# Nespresso Lattissima Pro



## mikesmith181 (Feb 6, 2015)

Evening guys, I'm looking to get a Nespresso Lattissima Pro espresso machine, I picked this over the older "plus" model. My question is, if I wanted a normal cup of coffee in the morning ( a mug of coffee with a splash of milk), would this machine and capsules be ok with this task. I wont be using the nespresso capsules all the time, I've seen some you can refill and use any type of coffee, they will be my go to pods, just wanted to check I can do that before I went and got one.

Thanks in advance


----------



## MWJB (Feb 28, 2012)

I'm not sure you'll get a lot of response WRT Nespresso generally here, but the machine you mention seems to do non milk drinks as well as cappuccino etc. A typical mug of coffee might require 14-18grams of ground coffee (8oz mug), for this to be brewed to typical strength it might take 2-3 capsules to achieve this, don't try to pull a full mug from one capsule, the resulting will be very bitter if you do.


----------



## hotmetal (Oct 31, 2013)

I have worked for Nespresso and if I remember correctly, the machine won't let you put a used pod in once it's been removed. It is possible to keep running water through a capsule by repeated pushing of the button but I wouldn't advise it because by 'real' espresso standards, the capsules are not very 'strong' in the first place and over extracting won't be nice. If you are using refillable compatible capsules, it's impossible for anyone to predict the outcome because it will depend on quality and grind level of whatever you put in. To make a cup of 'normal' coffee as you describe it (Americano with milk added) you'll want 2 capsules and some water heated in a kettle. Pulling the water through the capsule will make it taste bitter, as MWJB says above.

Better still, join in the forum and instead of the Nespresso machine, spend the same money on a grinder and single boiler setup! Admittedly it won't be as easy and convenient but your effort will be paid back by much better coffee!


----------



## JoeFromWales (Jan 24, 2015)

I've seen videos online that show you can just run it without a capsule in to deliver hot water.


----------



## mikesmith181 (Feb 6, 2015)

hotmetal said:


> I have worked for Nespresso and if I remember correctly, the machine won't let you put a used pod in once it's been removed.

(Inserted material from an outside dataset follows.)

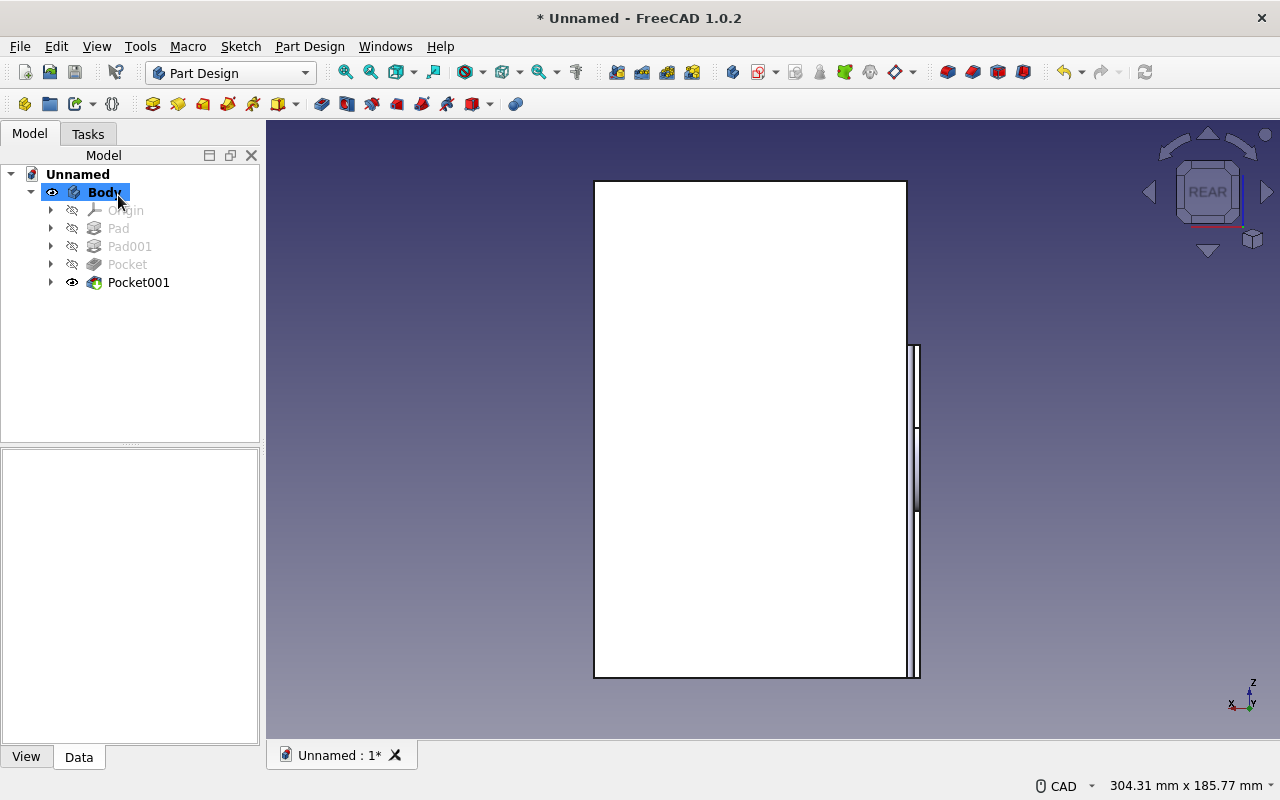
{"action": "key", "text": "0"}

It is possible to keep running water through a capsule by repeated pushing of the button but I wouldn't advise it because by 'real' espresso standards, the capsules are not very 'strong' in the first place and over extracting won't be nice. If you are using refillable compatible capsules, it's impossible for anyone to predict the outcome because it will depend on quality and grind level of whatever you put in. To make a cup of 'normal' coffee as you describe it (Americano with milk added) you'll want 2 capsules and some water heated in a kettle. Pulling the water through the capsule will make it taste bitter, as MWJB says above.
> 
> Better still, join in the forum and instead of the Nespresso machine, spend the same money on a grinder and single boiler setup! Admittedly it won't be as easy and convenient but your effort will be paid back by much better coffee!


I've got the single boiler setup ATM, and I stopped using it for how much effort it took, with regards to the coffee grind sticking to the water spigot when your brewing your beverage, I found it was just a lot of effort for what it was. That's my opinion of my experience, I know others will differ.


----------



## Mr O (Jan 14, 2015)

+1 for buying a grinder and single boiler.

Some of our friends have got a nespresso and its very expensive to run for not very good results...


----------



## DoubleShot (Apr 23, 2014)

I purchased a Nespresso Lattissima January last year. Returned it unopened after reading info on these forums regarding how much better coffee one could produce from affordable entry level machines such as a Gaggia Classic. As it turned out after missing out on a couple of second hand ones off the for sale section here, I ended up with a better quality machine on which I'm currently learning the fine art of producing great coffee. Do not regret returning the Nespresso one bit!


----------



## hotmetal (Oct 31, 2013)

Well either choice is fair enough. No one can pretend that making 'real' espresso is quick and easy. We all know it involves a certain amount of commitment which is not appropriate for everyone first thing in the morning! Trouble is I drank so much nespresso at work and while it's much better than the coffee you get in most work places, it just made me feel very uninspired. Somehow it seems bland and doesn't even approach the taste and mouthfeel I got with my little Gaggia.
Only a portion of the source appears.